Pumps are membrane proteins that use energy (ATP) to change shape and move substances across the membrane against their concentration gradient. This is crucial for accumulating ions or molecules inside or outside the cell even when their concentration is already high there.

Diagram illustrating active transport across a membrane using a pump protein and ATP

*(Image shows a membrane with a pump protein binding a substance, ATP hydrolysis providing energy, the protein changing shape to move the substance across the membrane against its gradient)*

Comparison Of Different Transport Processes

Here's a comparison of the key features of Diffusion, Facilitated Diffusion, and Active Transport:

Feature	Simple Diffusion	Facilitated Diffusion	Active Transport
Requires special membrane proteins	No	Yes	Yes (Pumps)
Highly selective	No	Yes	Yes
Transport Saturation	No	Yes	Yes
Uphill transport (against gradient)	No	No	Yes
Requires ATP energy	No	No	Yes
Effect of inhibitors	No (generally)	Yes	Yes
Direction of movement	Down gradient	Down gradient	Against gradient

Plant-Water Relations

Water is essential for all physiological activities of plants. It acts as a solvent, provides turgor pressure necessary for rigidity and growth, is a reactant in photosynthesis, and is the medium for transport of substances. Understanding how plants absorb, transport, and lose water is crucial.

Water Potential

Water moves from a region of higher water potential to a region of lower water potential. Water potential ($\Psi_w$) is a concept fundamental to understanding water movement. It is the potential energy of water per unit volume relative to pure water in reference conditions.

Key Concepts:

Pure water has the maximum water potential. By convention, the water potential of pure water at standard temperature and atmospheric pressure is taken as zero ($0 \: \text{bars}$ or $0 \: \text{Mega Pascals}$).
Adding solutes to pure water reduces its free energy and thus reduces its water potential. Solute potential is always negative.
Pressure applied to water increases its water potential.
Water potential is measured in pressure units, such as Pascals (Pa) or megapascals (MPa). $1 \: \text{bar} \approx 0.1 \: \text{MPa}$.

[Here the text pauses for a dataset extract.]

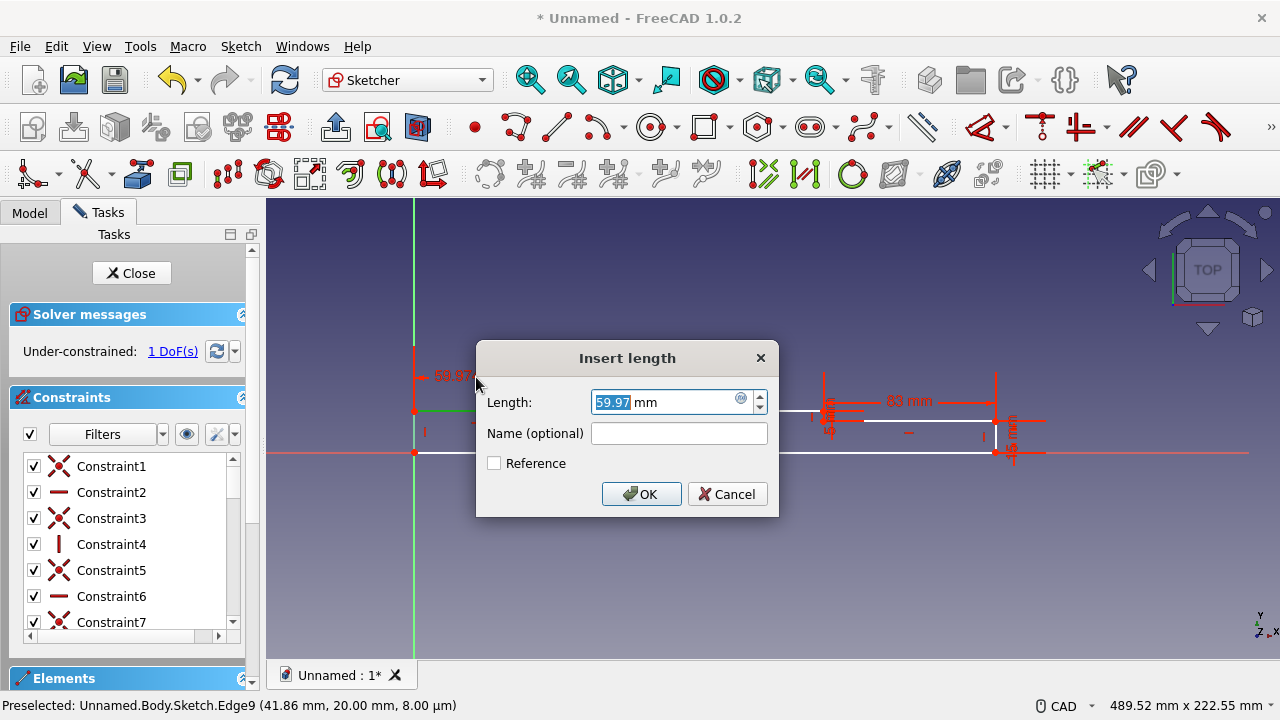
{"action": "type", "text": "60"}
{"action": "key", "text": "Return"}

Components of Water Potential:

Water potential ($\Psi_w$) is influenced by two main factors:

Solute Potential ($\Psi_s$): This is due to the presence of dissolved solutes. Solute potential is always negative. The more solutes present, the more negative the solute potential. It is also called Osmotic Potential.
Pressure Potential ($\Psi_p$): This is the pressure exerted on water. It can be positive or negative.
- In a plant cell, the rigid cell wall exerts a pressure on the cell contents, which is a positive pressure potential (turgor pressure). Turgor pressure is responsible for the rigidity of the cell.
- Negative pressure potential (tension) occurs in the xylem vessels of plants during transpiration.

The relationship between water potential, solute potential, and pressure potential is given by the formula:

$ \Psi_w = \Psi_s + \Psi_p $

In a living plant cell, water potential is affected by both the solute concentration inside the cell and the pressure exerted by the cell wall.

Example 1. A plant cell has a solute potential of $-0.5 \: \text{MPa}$ and a pressure potential of $+0.3 \: \text{MPa}$. What is the water potential of the cell?

Answer:

Using the formula $\Psi_w = \Psi_s + \Psi_p$:

Given Solute Potential ($\Psi_s$) = $-0.5 \: \text{MPa}$

Given Pressure Potential ($\Psi_p$) = $+0.3 \: \text{MPa}$

Water potential ($\Psi_w$) = $-0.5 \: \text{MPa} + (+0.3 \: \text{MPa})$

$\Psi_w = -0.2 \: \text{MPa}$

The water potential of the cell is $-0.2 \: \text{MPa}$.

Osmosis

Osmosis is a special type of diffusion of water across a selectively permeable membrane from a region of higher water potential to a region of lower water potential.

Key Concepts:

Movement of water is driven by the difference in water potential.
The selectively permeable membrane allows the passage of water molecules but restricts the passage of solute molecules.
Osmotic Pressure: It is the pressure required to prevent water from diffusing into a solution across a semipermeable membrane. Osmotic pressure is a positive pressure. Osmotic pressure is numerically equal to the osmotic potential ($\Psi_s$), but with a positive sign. Higher the solute concentration, higher the osmotic pressure.
Osmotic potential ($\Psi_s$) is always negative. So, $\text{Osmotic Pressure} = - \Psi_s$.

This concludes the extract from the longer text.